Source records
::::::
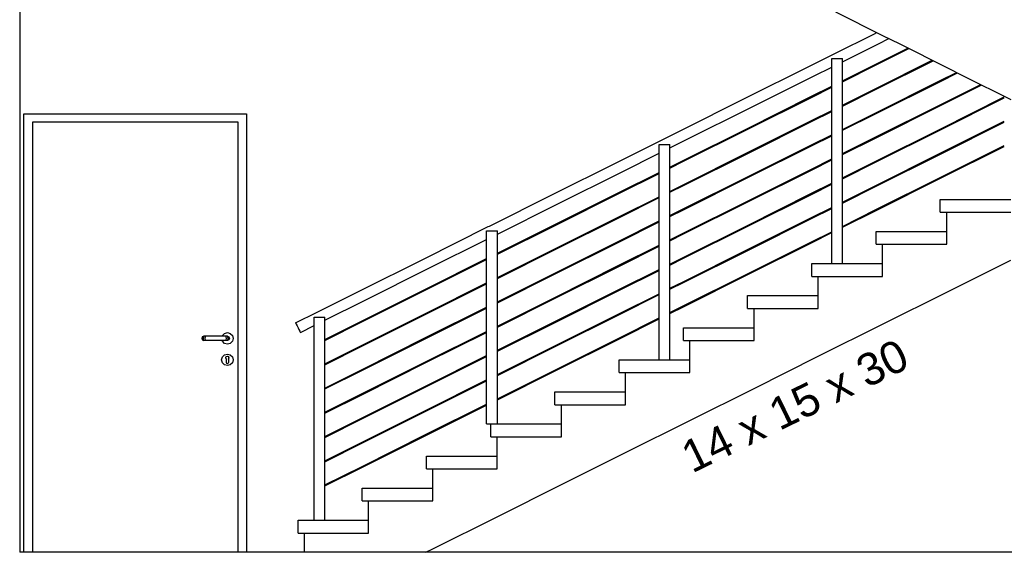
# Model space of a CAD drawing. Header units: millimetres. Extents: x -175445 to -20415, y -559200 to 231527.
# Tile 43 of 256: x -67229 to -62630, y -310221 to -307731. Entities that reach past the tile are written whole.
import ezdxf

# ---------------------------------------------------------------- set-up
doc = ezdxf.new("R2010")
doc.units = ezdxf.units.MM
doc.header["$MEASUREMENT"] = 0
for name, color, linetype in [('Linia', 7, 'Continuous'), ('Polilinia', 7, 'Continuous'), ('Tekst', 7, 'Continuous')]:
    doc.layers.add(name, color=color, linetype=linetype)
doc.styles.add('Times new roman', font='txt')

msp = doc.modelspace()

# ---------------------------------------------------------------- linework, layer by layer
at = {"layer": 'Linia'}
for p, q in [((-67228.87, -306321.225), (-67228.87, -310221.225)), ((-63422.051, -307889.865), (-63240.051, -307798.865)), ((-63240.051, -307798.865), (-63225.426, -307791.553)), ((-63385.87, -307927.676), (-63217.69, -307843.586)), ((-63217.69, -307843.586), (-63169.524, -307819.503)), ((-63540.051, -307948.865), (-63422.051, -307889.865)), ((-63229.765, -307939.437), (-63079.711, -307864.41)), ((-63227.976, -307943.014), (-63075.239, -307866.646)), ((-63840.051, -308098.865), (-63540.051, -307948.865)), ((-63435.87, -307912.225), (-63385.87, -307912.225)), ((-63435.87, -308871.225), (-63435.87, -307912.225)), ((-63385.87, -308871.225), (-63385.87, -307912.225)), ((-63385.87, -308017.489), (-63229.765, -307939.437)), ((-63385.87, -308021.962), (-63227.976, -307943.014)), ((-63229.765, -308052.77), (-62966.378, -307921.077)), ((-63227.976, -308056.348), (-62961.906, -307923.313)), ((-63817.69, -308143.586), (-63517.69, -307993.586)), ((-63517.69, -307993.586), (-63435.87, -307952.676)), ((-62929.765, -308016.103), (-62853.045, -307977.743)), ((-62927.976, -308019.681), (-62848.573, -307979.979)), ((-63229.765, -308166.103), (-62929.765, -308016.103)), ((-63227.976, -308169.681), (-62927.976, -308019.681)), ((-62929.765, -308129.437), (-62739.711, -308034.41)), ((-62927.976, -308133.014), (-62735.239, -308036.646)), ((-63529.765, -308089.437), (-63435.87, -308042.489)), ((-63527.976, -308093.014), (-63435.87, -308046.962)), ((-63385.87, -308130.823), (-63229.765, -308052.77)), ((-63385.87, -308135.295), (-63227.976, -308056.348)), ((-64140.051, -308248.865), (-63840.051, -308098.865)), ((-63829.765, -308239.437), (-63529.765, -308089.437)), ((-63827.976, -308243.014), (-63527.976, -308093.014)), ((-63229.765, -308279.437), (-62929.765, -308129.437)), ((-62929.765, -308242.77), (-62629.87, -308092.823)), ((-62927.976, -308246.348), (-62629.87, -308097.295)), ((-67208.87, -308211.225), (-67208.87, -308171.225)), ((-67208.87, -308171.225), (-66168.87, -308171.225)), ((-66168.87, -308171.225), (-66168.87, -308211.225)), ((-64117.69, -308293.586), (-63817.69, -308143.586)), ((-63529.765, -308202.77), (-63435.87, -308155.823)), ((-63527.976, -308206.348), (-63435.87, -308160.295)), ((-63385.87, -308244.156), (-63229.765, -308166.103)), ((-63385.87, -308248.628), (-63227.976, -308169.681)), ((-63227.976, -308283.014), (-62927.976, -308133.014)), ((-67208.87, -310221.225), (-67208.87, -308211.225)), ((-67168.87, -308211.225), (-67168.87, -310221.225)), ((-66208.87, -308211.225), (-67168.87, -308211.225)), ((-66208.87, -310221.225), (-66208.87, -308211.225)), ((-66168.87, -308211.225), (-66168.87, -310221.225)), ((-63829.765, -308352.77), (-63529.765, -308202.77)), ((-63827.976, -308356.348), (-63527.976, -308206.348)), ((-62929.765, -308356.103), (-62629.87, -308206.156)), ((-62927.976, -308359.681), (-62629.87, -308210.628)), ((-64228.051, -308292.865), (-64140.051, -308248.865)), ((-64129.765, -308389.437), (-63829.765, -308239.437)), ((-64127.976, -308393.014), (-63827.976, -308243.014)), ((-63529.765, -308316.103), (-63435.87, -308269.156)), ((-63229.765, -308392.77), (-62929.765, -308242.77)), ((-63227.976, -308396.348), (-62927.976, -308246.348)), ((-64440.051, -308398.865), (-64228.051, -308292.865)), ((-64241.87, -308315.225), (-64191.87, -308315.225)), ((-64241.87, -309321.225), (-64241.87, -308315.225)), ((-64191.87, -308330.676), (-64117.69, -308293.586)), ((-64191.87, -309321.225), (-64191.87, -308315.225)), ((-63829.765, -308466.103), (-63529.765, -308316.103)), ((-63527.976, -308319.681), (-63435.87, -308273.628)), ((-63385.87, -308357.489), (-63229.765, -308279.437)), ((-63385.87, -308361.962), (-63227.976, -308283.014)), ((-64417.69, -308443.586), (-64241.87, -308355.676)), ((-64129.765, -308502.77), (-63829.765, -308352.77)), ((-64127.976, -308506.348), (-63827.976, -308356.348)), ((-63827.976, -308469.681), (-63527.976, -308319.681)), ((-63229.765, -308506.103), (-62929.765, -308356.103)), ((-63227.976, -308509.681), (-62927.976, -308359.681)), ((-62929.765, -308469.437), (-62629.87, -308319.489)), ((-62927.976, -308473.014), (-62629.87, -308323.962)), ((-64740.051, -308548.865), (-64440.051, -308398.865)), ((-64191.87, -308420.489), (-64129.765, -308389.437)), ((-64191.87, -308424.962), (-64127.976, -308393.014)), ((-63529.765, -308429.437), (-63435.87, -308382.489)), ((-63527.976, -308433.014), (-63435.87, -308386.962)), ((-63385.87, -308470.823), (-63229.765, -308392.77)), ((-63385.87, -308475.295), (-63227.976, -308396.348)), ((-64717.69, -308593.586), (-64417.69, -308443.586)), ((-64429.765, -308539.437), (-64241.87, -308445.489)), ((-64427.976, -308543.014), (-64241.87, -308449.962)), ((-63829.765, -308579.437), (-63529.765, -308429.437)), ((-63827.976, -308583.014), (-63527.976, -308433.014)), ((-64129.765, -308616.103), (-63829.765, -308466.103)), ((-64127.976, -308619.681), (-63827.976, -308469.681)), ((-63529.765, -308542.77), (-63435.87, -308495.823)), ((-63527.976, -308546.348), (-63435.87, -308500.295)), ((-63229.765, -308619.437), (-62929.765, -308469.437)), ((-63227.976, -308623.014), (-62927.976, -308473.014)), ((-64729.765, -308689.437), (-64429.765, -308539.437)), ((-64727.976, -308693.014), (-64427.976, -308543.014)), ((-64191.87, -308533.823), (-64129.765, -308502.77)), ((-64191.87, -308538.295), (-64127.976, -308506.348)), ((-63829.765, -308692.77), (-63529.765, -308542.77)), ((-63827.976, -308696.348), (-63527.976, -308546.348)), ((-63385.87, -308584.156), (-63229.765, -308506.103)), ((-63385.87, -308588.628), (-63227.976, -308509.681)), ((-65034.051, -308695.865), (-64740.051, -308548.865)), ((-64429.765, -308652.77), (-64241.87, -308558.823)), ((-64427.976, -308656.348), (-64241.87, -308563.295)), ((-64129.765, -308729.437), (-63829.765, -308579.437)), ((-64127.976, -308733.014), (-63827.976, -308583.014)), ((-62928.87, -308571.225), (-62598.87, -308571.225)), ((-62928.87, -308631.225), (-62928.87, -308571.225)), ((-64997.87, -308733.676), (-64717.69, -308593.586)), ((-64191.87, -308647.156), (-64129.765, -308616.103)), ((-64191.87, -308651.628), (-64127.976, -308619.681)), ((-63529.765, -308656.103), (-63435.87, -308609.156)), ((-63527.976, -308659.681), (-63435.87, -308613.628)), ((-63385.87, -308697.489), (-63229.765, -308619.437)), ((-63385.87, -308701.962), (-63227.976, -308623.014)), ((-62928.87, -308631.225), (-62898.87, -308631.225)), ((-62898.87, -308781.225), (-62898.87, -308631.225)), ((-62898.87, -308631.225), (-62598.87, -308631.225)), ((-64729.765, -308802.77), (-64429.765, -308652.77)), ((-64727.976, -308806.348), (-64427.976, -308656.348)), ((-64429.765, -308766.103), (-64241.87, -308672.156)), ((-64427.976, -308769.681), (-64241.87, -308676.628)), ((-63829.765, -308806.103), (-63529.765, -308656.103)), ((-63827.976, -308809.681), (-63527.976, -308659.681)), ((-65340.051, -308848.865), (-65040.051, -308698.865)), ((-65047.87, -308718.225), (-64997.87, -308718.225)), ((-65047.87, -309621.225), (-65047.87, -308718.225)), ((-65040.051, -308698.865), (-65034.051, -308695.865)), ((-64997.87, -308823.489), (-64729.765, -308689.437)), ((-64997.87, -308827.962), (-64727.976, -308693.014)), ((-64997.87, -309621.225), (-64997.87, -308718.225)), ((-64191.87, -308760.489), (-64129.765, -308729.437)), ((-64129.765, -308842.77), (-63829.765, -308692.77)), ((-64127.976, -308846.348), (-63827.976, -308696.348)), ((-63529.765, -308769.437), (-63435.87, -308722.489)), ((-63527.976, -308773.014), (-63435.87, -308726.962)), ((-63228.87, -308721.225), (-62898.87, -308721.225)), ((-63228.87, -308781.225), (-63228.87, -308721.225)), ((-65317.69, -308893.586), (-65047.87, -308758.676)), ((-64729.765, -308916.103), (-64429.765, -308766.103)), ((-64727.976, -308919.681), (-64427.976, -308769.681)), ((-64191.87, -308764.962), (-64127.976, -308733.014)), ((-63829.765, -308919.437), (-63529.765, -308769.437)), ((-63827.976, -308923.014), (-63527.976, -308773.014)), ((-64997.87, -308936.823), (-64729.765, -308802.77)), ((-64997.87, -308941.295), (-64727.976, -308806.348)), ((-64429.765, -308879.437), (-64241.87, -308785.489)), ((-64427.976, -308883.014), (-64241.87, -308789.962)), ((-64129.765, -308956.103), (-63829.765, -308806.103)), ((-64127.976, -308959.681), (-63827.976, -308809.681)), ((-63228.87, -308781.225), (-63198.87, -308781.225)), ((-63198.87, -308931.225), (-63198.87, -308781.225)), ((-63198.87, -308781.225), (-62898.87, -308781.225)), ((-65640.051, -308998.865), (-65340.051, -308848.865)), ((-65329.765, -308989.437), (-65047.87, -308848.489)), ((-65327.976, -308993.014), (-65047.87, -308852.962)), ((-64191.87, -308873.823), (-64129.765, -308842.77)), ((-64191.87, -308878.295), (-64127.976, -308846.348)), ((-62898.87, -309004.835), (-62598.87, -308854.835)), ((-65617.69, -309043.586), (-65317.69, -308893.586)), ((-64729.765, -309029.437), (-64429.765, -308879.437)), ((-64727.976, -309033.014), (-64427.976, -308883.014)), ((-64429.765, -308992.77), (-64241.87, -308898.823)), ((-64427.976, -308996.348), (-64241.87, -308903.295)), ((-63528.87, -308871.225), (-63435.87, -308871.225)), ((-63528.87, -308931.225), (-63528.87, -308871.225)), ((-63435.87, -308871.225), (-63385.87, -308871.225)), ((-63385.87, -308871.225), (-63198.87, -308871.225)), ((-64997.87, -309050.156), (-64729.765, -308916.103)), ((-64997.87, -309054.628), (-64727.976, -308919.681)), ((-64191.87, -308987.156), (-64129.765, -308956.103)), ((-64191.87, -308991.628), (-64127.976, -308959.681)), ((-64129.765, -309069.437), (-63829.765, -308919.437)), ((-64127.976, -309073.014), (-63827.976, -308923.014)), ((-63528.87, -308931.225), (-63498.87, -308931.225)), ((-63498.87, -309081.225), (-63498.87, -308931.225)), ((-63498.87, -308931.225), (-63198.87, -308931.225)), ((-65840.051, -309098.865), (-65640.051, -308998.865)), ((-65629.765, -309139.437), (-65329.765, -308989.437)), ((-65627.976, -309143.014), (-65327.976, -308993.014)), ((-65329.765, -309102.77), (-65047.87, -308961.823)), ((-65327.976, -309106.348), (-65047.87, -308966.295)), ((-64729.765, -309142.77), (-64429.765, -308992.77)), ((-64727.976, -309146.348), (-64427.976, -308996.348)), ((-63198.87, -309154.835), (-62898.87, -309004.835)), ((-65803.87, -309136.676), (-65617.69, -309043.586)), ((-64997.87, -309163.489), (-64729.765, -309029.437)), ((-64997.87, -309167.962), (-64727.976, -309033.014)), ((-64429.765, -309106.103), (-64241.87, -309012.156)), ((-64427.976, -309109.681), (-64241.87, -309016.628)), ((-63828.87, -309021.225), (-63498.87, -309021.225)), ((-63828.87, -309081.225), (-63828.87, -309021.225)), ((-65329.765, -309216.103), (-65047.87, -309075.156)), ((-65327.976, -309219.681), (-65047.87, -309079.628)), ((-64191.87, -309100.489), (-64129.765, -309069.437)), ((-64191.87, -309104.962), (-64127.976, -309073.014)), ((-63828.87, -309081.225), (-63798.87, -309081.225)), ((-63798.87, -309231.225), (-63798.87, -309081.225)), ((-63798.87, -309081.225), (-63498.87, -309081.225)), ((-65940.051, -309148.865), (-65840.051, -309098.865)), ((-65853.87, -309121.225), (-65803.87, -309121.225)), ((-65853.87, -310071.225), (-65853.87, -309121.225)), ((-65803.87, -310071.225), (-65803.87, -309121.225)), ((-65803.87, -309226.489), (-65629.765, -309139.437)), ((-65803.87, -309230.962), (-65627.976, -309143.014)), ((-65629.765, -309252.77), (-65329.765, -309102.77)), ((-65627.976, -309256.348), (-65327.976, -309106.348)), ((-64997.87, -309276.823), (-64729.765, -309142.77)), ((-64729.765, -309256.103), (-64429.765, -309106.103)), ((-64727.976, -309259.681), (-64427.976, -309109.681)), ((-64429.765, -309219.437), (-64241.87, -309125.489)), ((-64427.976, -309223.014), (-64241.87, -309129.962)), ((-65940.051, -309148.865), (-65939.2, -309150.567)), ((-65939.2, -309150.567), (-65936.776, -309155.414)), ((-65936.776, -309155.414), (-65933.149, -309162.668)), ((-65933.149, -309162.668), (-65928.87, -309171.225)), ((-65928.87, -309171.225), (-65924.592, -309179.783)), ((-65924.592, -309179.783), (-65920.965, -309187.037)), ((-65920.965, -309187.037), (-65918.541, -309191.884)), ((-65917.69, -309193.586), (-65853.87, -309161.676)), ((-65329.765, -309329.437), (-65047.87, -309188.489)), ((-64997.87, -309281.295), (-64727.976, -309146.348)), ((-64128.87, -309171.225), (-63798.87, -309171.225)), ((-64128.87, -309231.225), (-64128.87, -309171.225)), ((-63498.87, -309304.835), (-63198.87, -309154.835)), ((-66375.941, -309214.154), (-66378.87, -309221.225)), ((-66378.87, -309221.225), (-66375.941, -309228.297)), ((-66374.389, -309214.154), (-66377.148, -309221.225)), ((-66377.148, -309221.225), (-66374.389, -309228.297)), ((-66368.87, -309211.225), (-66375.941, -309214.154)), ((-66375.941, -309228.297), (-66368.87, -309231.225)), ((-66369.575, -309214.154), (-66371.687, -309221.225)), ((-66371.687, -309221.225), (-66369.575, -309228.297)), ((-66367.728, -309211.225), (-66368.87, -309211.225)), ((-66367.728, -309231.225), (-66368.87, -309231.225)), ((-66364.477, -309211.225), (-66367.728, -309211.225)), ((-66364.477, -309231.225), (-66367.728, -309231.225)), ((-66359.611, -309211.225), (-66364.477, -309211.225)), ((-66359.611, -309231.225), (-66364.477, -309231.225)), ((-66362.37, -309214.154), (-66363.512, -309221.225)), ((-66363.512, -309221.225), (-66362.37, -309228.297)), ((-66353.87, -309211.225), (-66359.611, -309211.225)), ((-66353.87, -309231.225), (-66359.611, -309231.225)), ((-66273.87, -309211.225), (-66353.87, -309211.225)), ((-66273.87, -309231.225), (-66353.87, -309231.225)), ((-66283.191, -309211.225), (-66282.253, -309207.725)), ((-66282.253, -309234.725), (-66283.191, -309231.225)), ((-66282.253, -309207.725), (-66272.37, -309197.843)), ((-66272.37, -309244.608), (-66282.253, -309234.725)), ((-66268.13, -309211.225), (-66273.87, -309211.225)), ((-66268.13, -309231.225), (-66273.87, -309231.225)), ((-66272.37, -309197.843), (-66258.87, -309194.225)), ((-66263.264, -309211.225), (-66268.13, -309211.225)), ((-66263.264, -309231.225), (-66268.13, -309231.225)), ((-66265.371, -309214.154), (-66264.228, -309221.225)), ((-66264.228, -309221.225), (-66265.371, -309228.297)), ((-66260.012, -309211.225), (-66263.264, -309211.225)), ((-66260.012, -309231.225), (-66263.264, -309231.225)), ((-66258.87, -309211.225), (-66260.012, -309211.225)), ((-66258.87, -309231.225), (-66260.012, -309231.225)), ((-66258.87, -309194.225), (-66245.37, -309197.843)), ((-66258.87, -309211.225), (-66251.799, -309214.154)), ((-66251.799, -309228.297), (-66258.87, -309231.225)), ((-66258.166, -309214.154), (-66256.054, -309221.225)), ((-66256.054, -309221.225), (-66258.166, -309228.297)), ((-66253.351, -309214.154), (-66250.592, -309221.225)), ((-66250.592, -309221.225), (-66253.351, -309228.297)), ((-66251.799, -309214.154), (-66248.87, -309221.225)), ((-66248.87, -309221.225), (-66251.799, -309228.297)), ((-66245.37, -309197.843), (-66235.488, -309207.725)), ((-66235.488, -309234.725), (-66245.37, -309244.608)), ((-66235.488, -309207.725), (-66231.87, -309221.225)), ((-66231.87, -309221.225), (-66235.488, -309234.725)), ((-65918.541, -309191.884), (-65917.69, -309193.586)), ((-65629.765, -309366.103), (-65329.765, -309216.103)), ((-65627.976, -309369.681), (-65327.976, -309219.681)), ((-65327.976, -309333.014), (-65047.87, -309192.962)), ((-64729.765, -309369.437), (-64429.765, -309219.437)), ((-64727.976, -309373.014), (-64427.976, -309223.014)), ((-64128.87, -309231.225), (-64098.87, -309231.225)), ((-64098.87, -309381.225), (-64098.87, -309231.225)), ((-64098.87, -309231.225), (-63798.87, -309231.225)), ((-66258.87, -309248.225), (-66272.37, -309244.608)), ((-66245.37, -309244.608), (-66258.87, -309248.225)), ((-65803.87, -309339.823), (-65629.765, -309252.77)), ((-65803.87, -309344.295), (-65627.976, -309256.348)), ((-64997.87, -309390.156), (-64729.765, -309256.103)), ((-64997.87, -309394.628), (-64727.976, -309259.681)), ((-66285.87, -309321.225), (-66282.253, -309307.725)), ((-66282.253, -309334.725), (-66285.87, -309321.225)), ((-66282.253, -309307.725), (-66272.37, -309297.843)), ((-66272.37, -309297.843), (-66258.87, -309294.225)), ((-66266.338, -309311.533), (-66265.591, -309309.586)), ((-66263.87, -309316.825), (-66266.338, -309311.533)), ((-66264.245, -309306.082), (-66265.591, -309309.586)), ((-66264.245, -309306.082), (-66258.87, -309303.8)), ((-66263.87, -309316.825), (-66263.87, -309318.339)), ((-66263.87, -309318.339), (-66263.87, -309321.225)), ((-66263.87, -309321.225), (-66263.87, -309324.112)), ((-66263.87, -309324.112), (-66263.87, -309329.886)), ((-66258.87, -309294.225), (-66245.37, -309297.843)), ((-66258.87, -309303.8), (-66253.495, -309306.082)), ((-66251.402, -309311.533), (-66253.87, -309316.825)), ((-66253.87, -309318.339), (-66253.87, -309316.825)), ((-66253.87, -309318.339), (-66253.87, -309321.225)), ((-66253.87, -309321.225), (-66253.87, -309324.112)), ((-66253.87, -309324.112), (-66253.87, -309329.886)), ((-66253.495, -309306.082), (-66252.15, -309309.586)), ((-66251.402, -309311.533), (-66252.15, -309309.586)), ((-66245.37, -309297.843), (-66235.488, -309307.725)), ((-66235.488, -309307.725), (-66231.87, -309321.225)), ((-66231.87, -309321.225), (-66235.488, -309334.725)), ((-65329.765, -309442.77), (-65047.87, -309301.823)), ((-65327.976, -309446.348), (-65047.87, -309306.295)), ((-64428.87, -309321.225), (-64241.87, -309321.225)), ((-64428.87, -309381.225), (-64428.87, -309321.225)), ((-64241.87, -309321.225), (-64191.87, -309321.225)), ((-64191.87, -309321.225), (-64098.87, -309321.225)), ((-63798.87, -309454.835), (-63498.87, -309304.835)), ((-66272.37, -309344.608), (-66282.253, -309334.725)), ((-66258.87, -309348.225), (-66272.37, -309344.608)), ((-66263.87, -309329.886), (-66263.87, -309333.725)), ((-66263.87, -309333.725), (-66262.406, -309337.261)), ((-66262.406, -309337.261), (-66258.87, -309338.725)), ((-66258.87, -309338.725), (-66255.335, -309337.261)), ((-66245.37, -309344.608), (-66258.87, -309348.225)), ((-66255.335, -309337.261), (-66253.87, -309333.725)), ((-66253.87, -309329.886), (-66253.87, -309333.725)), ((-66235.488, -309334.725), (-66245.37, -309344.608)), ((-65803.87, -309453.156), (-65629.765, -309366.103)), ((-65803.87, -309457.628), (-65627.976, -309369.681)), ((-65629.765, -309479.437), (-65329.765, -309329.437)), ((-65627.976, -309483.014), (-65327.976, -309333.014)), ((-64997.87, -309503.489), (-64729.765, -309369.437)), ((-64997.87, -309507.962), (-64727.976, -309373.014)), ((-65329.765, -309556.103), (-65047.87, -309415.156)), ((-65327.976, -309559.681), (-65047.87, -309419.628)), ((-64428.87, -309381.225), (-64398.87, -309381.225)), ((-64398.87, -309531.225), (-64398.87, -309381.225)), ((-64398.87, -309381.225), (-64098.87, -309381.225)), ((-65629.765, -309592.77), (-65329.765, -309442.77)), ((-65627.976, -309596.348), (-65327.976, -309446.348)), ((-64098.87, -309604.835), (-63798.87, -309454.835)), ((-65803.87, -309566.489), (-65629.765, -309479.437)), ((-65803.87, -309570.962), (-65627.976, -309483.014)), ((-64728.87, -309471.225), (-64398.87, -309471.225)), ((-64728.87, -309531.225), (-64728.87, -309471.225)), ((-65629.765, -309706.103), (-65329.765, -309556.103)), ((-65329.765, -309669.437), (-65047.87, -309528.489)), ((-65327.976, -309673.014), (-65047.87, -309532.962)), ((-64728.87, -309531.225), (-64698.87, -309531.225)), ((-64698.87, -309681.225), (-64698.87, -309531.225)), ((-64698.87, -309531.225), (-64398.87, -309531.225)), ((-65803.87, -309679.823), (-65629.765, -309592.77)), ((-65803.87, -309684.295), (-65627.976, -309596.348)), ((-65627.976, -309709.681), (-65327.976, -309559.681)), ((-65047.87, -309621.225), (-64997.87, -309621.225)), ((-65028.87, -309681.225), (-65028.87, -309621.225)), ((-64997.87, -309621.225), (-64698.87, -309621.225)), ((-64398.87, -309754.835), (-64098.87, -309604.835)), ((-65629.765, -309819.437), (-65329.765, -309669.437)), ((-65627.976, -309823.014), (-65327.976, -309673.014)), ((-65028.87, -309681.225), (-64998.87, -309681.225)), ((-64998.87, -309831.225), (-64998.87, -309681.225)), ((-64998.87, -309681.225), (-64698.87, -309681.225)), ((-65803.87, -309793.156), (-65629.765, -309706.103)), ((-65803.87, -309797.628), (-65627.976, -309709.681)), ((-65328.87, -309771.225), (-64998.87, -309771.225)), ((-65328.87, -309831.225), (-65328.87, -309771.225)), ((-64698.87, -309904.835), (-64398.87, -309754.835)), ((-65803.87, -309906.489), (-65629.765, -309819.437)), ((-65803.87, -309910.962), (-65627.976, -309823.014)), ((-65328.87, -309831.225), (-65298.87, -309831.225)), ((-65298.87, -309981.225), (-65298.87, -309831.225)), ((-65298.87, -309831.225), (-64998.87, -309831.225)), ((-65628.87, -309921.225), (-65298.87, -309921.225)), ((-65628.87, -309981.225), (-65628.87, -309921.225)), ((-64998.87, -310054.835), (-64698.87, -309904.835)), ((-65628.87, -309981.225), (-65598.87, -309981.225)), ((-65598.87, -310131.225), (-65598.87, -309981.225)), ((-65598.87, -309981.225), (-65298.87, -309981.225)), ((-65298.87, -310204.835), (-64998.87, -310054.835)), ((-65928.87, -310071.225), (-65853.87, -310071.225)), ((-65928.87, -310131.225), (-65928.87, -310071.225)), ((-65853.87, -310071.225), (-65803.87, -310071.225)), ((-65803.87, -310071.225), (-65598.87, -310071.225)), ((-65928.87, -310131.225), (-65898.87, -310131.225)), ((-65898.87, -310221.225), (-65898.87, -310131.225)), ((-65898.87, -310131.225), (-65598.87, -310131.225)), ((-60528.87, -310221.225), (-67228.87, -310221.225)), ((-65331.65, -310221.225), (-65298.87, -310204.835))]:
    msp.add_line(p, q, dxfattribs=at)
at = {"layer": 'Polilinia', "flags": 128}
msp.add_lwpolyline([(-63418.586, -307694.978), (-63198.87, -307804.835), (-63118.586, -307844.978), (-62898.87, -307954.835), (-62818.586, -307994.978), (-62598.87, -308104.835)], dxfattribs=at)

# ---------------------------------------------------------------- texts
at = {"layer": 'Tekst', "insert": (-63641.551, -309468.365), "char_height": 150, "attachment_point": 2, "rotation": 26.030853, "style": 'Times new roman'}
msp.add_mtext('\\A1;{\\fArial|b0|i0|c0|p38;14 x 15 x 30}', dxfattribs=at)

doc.saveas('drawing.dxf')
::::::
What to produce
Pull out each line of the records holding the string "color".

Answer to the problem
for name, color, linetype in [('Linia', 7, 'Continuous'), ('Polilinia', 7, 'Continuous'), ('Tekst', 7, 'Continuous')]:
    doc.layers.add(name, color=color, linetype=linetype)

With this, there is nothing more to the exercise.